+++ ENTRIES SUPPLIED +++

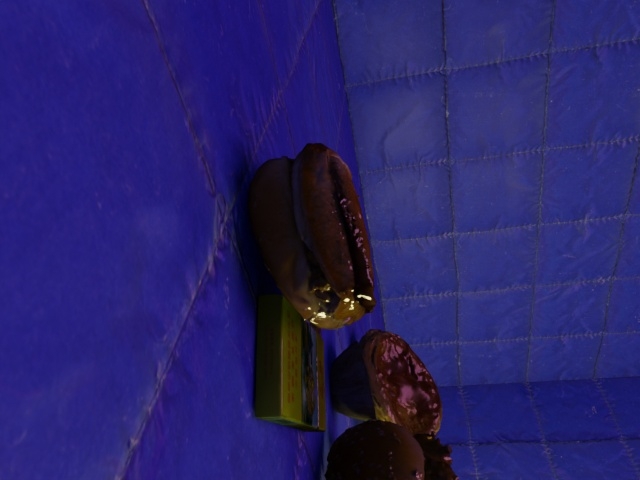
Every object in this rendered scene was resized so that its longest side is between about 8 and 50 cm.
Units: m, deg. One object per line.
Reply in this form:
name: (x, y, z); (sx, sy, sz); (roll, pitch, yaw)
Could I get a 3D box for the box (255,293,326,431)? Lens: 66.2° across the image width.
box: (-0.043, 0.234, 0.876); (0.335, 0.047, 0.187); (65, 21, -63)

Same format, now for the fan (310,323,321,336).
fan: (-0.019, 0.150, 1.161); (0.227, 0.008, 0.152); (68, 19, -60)

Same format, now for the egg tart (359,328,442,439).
egg tart: (0.254, 0.534, 1.774); (0.443, 0.178, 0.443); (33, 36, -28)

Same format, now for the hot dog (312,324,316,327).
hot dog: (-0.023, 0.115, 0.997); (0.140, 0.060, 0.090); (-89, 168, -58)

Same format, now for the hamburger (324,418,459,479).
hamburger: (0.170, 0.550, 1.034); (0.268, 0.287, 0.445); (44, 22, -11)

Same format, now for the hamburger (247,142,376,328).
hamburger: (0.000, 0.002, 0.812); (0.304, 0.174, 0.284); (47, 24, -72)

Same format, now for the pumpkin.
pumpkin: (0.077, 0.387, 1.326); (0.217, 0.110, 0.217); (-15, 90, -89)
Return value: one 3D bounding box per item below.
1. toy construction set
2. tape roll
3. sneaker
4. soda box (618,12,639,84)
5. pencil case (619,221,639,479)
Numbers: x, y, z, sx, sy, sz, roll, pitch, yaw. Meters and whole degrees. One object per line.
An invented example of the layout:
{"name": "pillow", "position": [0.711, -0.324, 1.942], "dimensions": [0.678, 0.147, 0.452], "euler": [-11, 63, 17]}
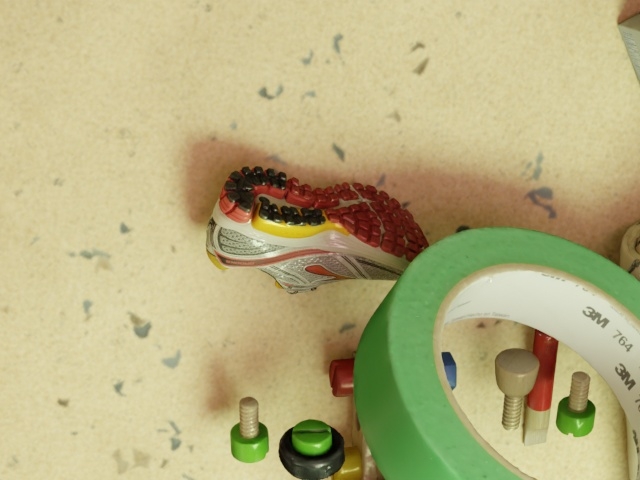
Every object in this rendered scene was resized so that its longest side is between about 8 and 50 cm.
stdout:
{"name": "toy construction set", "position": [0.112, 0.237, 1.682], "dimensions": [0.308, 0.257, 0.237], "euler": [-25, 132, -33]}
{"name": "tape roll", "position": [0.188, 0.137, 1.553], "dimensions": [0.321, 0.321, 0.077], "euler": [10, 139, -20]}
{"name": "sneaker", "position": [0.000, 0.000, 1.629], "dimensions": [0.225, 0.088, 0.093], "euler": [13, 129, -25]}
{"name": "soda box", "position": [0.370, -0.150, 1.579], "dimensions": [0.098, 0.286, 0.091], "euler": [-29, 111, -8]}
{"name": "pencil case", "position": [0.380, 0.164, 1.736], "dimensions": [0.183, 0.160, 0.410], "euler": [0, 110, 22]}
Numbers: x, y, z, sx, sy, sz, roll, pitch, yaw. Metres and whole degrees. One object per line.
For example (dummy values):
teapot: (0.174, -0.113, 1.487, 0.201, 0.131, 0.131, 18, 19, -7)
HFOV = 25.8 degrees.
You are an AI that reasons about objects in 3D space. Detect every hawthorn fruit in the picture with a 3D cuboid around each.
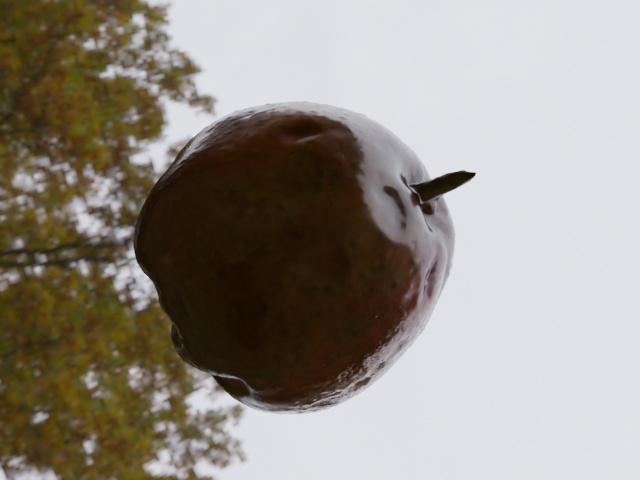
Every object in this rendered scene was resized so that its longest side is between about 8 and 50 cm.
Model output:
hawthorn fruit: (0.000, 0.000, 1.220, 0.298, 0.277, 0.277, -22, -91, 21)
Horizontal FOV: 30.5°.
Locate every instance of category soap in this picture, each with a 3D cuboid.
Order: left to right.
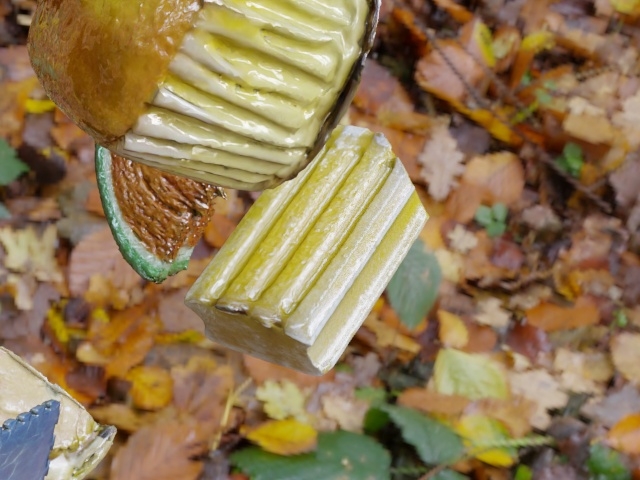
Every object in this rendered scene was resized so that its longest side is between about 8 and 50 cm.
[{"bbox_3d":[0.000,0.000,1.045,0.140,0.073,0.232,15,57,32],"label":"soap"}]

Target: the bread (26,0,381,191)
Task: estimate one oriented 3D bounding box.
[{"bbox_3d":[-0.060,-0.103,0.509,0.114,0.132,0.190,16,15,-33],"label":"bread"}]

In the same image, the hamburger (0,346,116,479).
[{"bbox_3d":[-0.356,0.231,1.350,0.207,0.135,0.155,29,50,-8],"label":"hamburger"}]

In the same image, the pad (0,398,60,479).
[{"bbox_3d":[-0.250,0.251,0.746,0.012,0.269,0.269,15,10,11],"label":"pad"}]

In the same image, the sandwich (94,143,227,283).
[{"bbox_3d":[-0.198,-0.079,1.437,0.235,0.159,0.079,60,22,17],"label":"sandwich"}]

+++

EXERCISE DIRECTIONS>
Each line of the data above is to be output exactly; the pictures are not to appear.

ANSWER BOX>
Every object in this rendered scene was resized so that its longest side is between about 8 and 50 cm.
Units: m, deg. One object per line.
Reply in this form:
name: (x, y, z); (sx, sy, sz); (roll, pitch, yaw)
Could I get a 3D box for the box (255,293,326,431)? Lens: 66.2° across the image width.
box: (-0.043, 0.234, 0.876); (0.335, 0.047, 0.187); (65, 21, -63)

Same format, now for the fan (310,323,321,336).
fan: (-0.019, 0.150, 1.161); (0.227, 0.008, 0.152); (68, 19, -60)

Same format, now for the egg tart (359,328,442,439).
egg tart: (0.254, 0.534, 1.774); (0.443, 0.178, 0.443); (33, 36, -28)

Same format, now for the hot dog (312,324,316,327).
hot dog: (-0.023, 0.115, 0.997); (0.140, 0.060, 0.090); (-89, 168, -58)

Same format, now for the hamburger (324,418,459,479).
hamburger: (0.170, 0.550, 1.034); (0.268, 0.287, 0.445); (44, 22, -11)

Same format, now for the hamburger (247,142,376,328).
hamburger: (0.000, 0.002, 0.812); (0.304, 0.174, 0.284); (47, 24, -72)

Same format, now for the pumpkin.
pumpkin: (0.077, 0.387, 1.326); (0.217, 0.110, 0.217); (-15, 90, -89)
Return value: one 3D bounding box per item below.
1. toy construction set
2. tape roll
3. sneaker
4. soda box (618,12,639,84)
5. pencil case (619,221,639,479)
Numbers: x, y, z, sx, sy, sz, roll, pitch, yaw. Meters and whole degrees. One object per line.
An invented example of the layout:
{"name": "pillow", "position": [0.711, -0.324, 1.942], "dimensions": [0.678, 0.147, 0.452], "euler": [-11, 63, 17]}
Every object in this rendered scene was resized so that its longest side is between about 8 and 50 cm.
stdout:
{"name": "toy construction set", "position": [0.112, 0.237, 1.682], "dimensions": [0.308, 0.257, 0.237], "euler": [-25, 132, -33]}
{"name": "tape roll", "position": [0.188, 0.137, 1.553], "dimensions": [0.321, 0.321, 0.077], "euler": [10, 139, -20]}
{"name": "sneaker", "position": [0.000, 0.000, 1.629], "dimensions": [0.225, 0.088, 0.093], "euler": [13, 129, -25]}
{"name": "soda box", "position": [0.370, -0.150, 1.579], "dimensions": [0.098, 0.286, 0.091], "euler": [-29, 111, -8]}
{"name": "pencil case", "position": [0.380, 0.164, 1.736], "dimensions": [0.183, 0.160, 0.410], "euler": [0, 110, 22]}
Numbers: x, y, z, sx, sy, sz, roll, pitch, yaw. Metres and whole degrees. One object per line.
For example (dummy values):
teapot: (0.174, -0.113, 1.487, 0.201, 0.131, 0.131, 18, 19, -7)
HFOV = 25.8 degrees.
You are an AI that reasons about objects in 3D space. Detect every hawthorn fruit in the picture with a 3D cuboid around each.
Every object in this rendered scene was resized so that its longest side is between about 8 and 50 cm.
Model output:
hawthorn fruit: (0.000, 0.000, 1.220, 0.298, 0.277, 0.277, -22, -91, 21)
Horizontal FOV: 30.5°.
Locate every instance of category soap in this picture, each with a 3D cuboid.
Order: left to right.
Every object in this rendered scene was resized so that its longest side is between about 8 and 50 cm.
[{"bbox_3d":[0.000,0.000,1.045,0.140,0.073,0.232,15,57,32],"label":"soap"}]

Target: the bread (26,0,381,191)
Task: estimate one oriented 3D bounding box.
[{"bbox_3d":[-0.060,-0.103,0.509,0.114,0.132,0.190,16,15,-33],"label":"bread"}]

In the same image, the hamburger (0,346,116,479).
[{"bbox_3d":[-0.356,0.231,1.350,0.207,0.135,0.155,29,50,-8],"label":"hamburger"}]

In the same image, the pad (0,398,60,479).
[{"bbox_3d":[-0.250,0.251,0.746,0.012,0.269,0.269,15,10,11],"label":"pad"}]

In the same image, the sandwich (94,143,227,283).
[{"bbox_3d":[-0.198,-0.079,1.437,0.235,0.159,0.079,60,22,17],"label":"sandwich"}]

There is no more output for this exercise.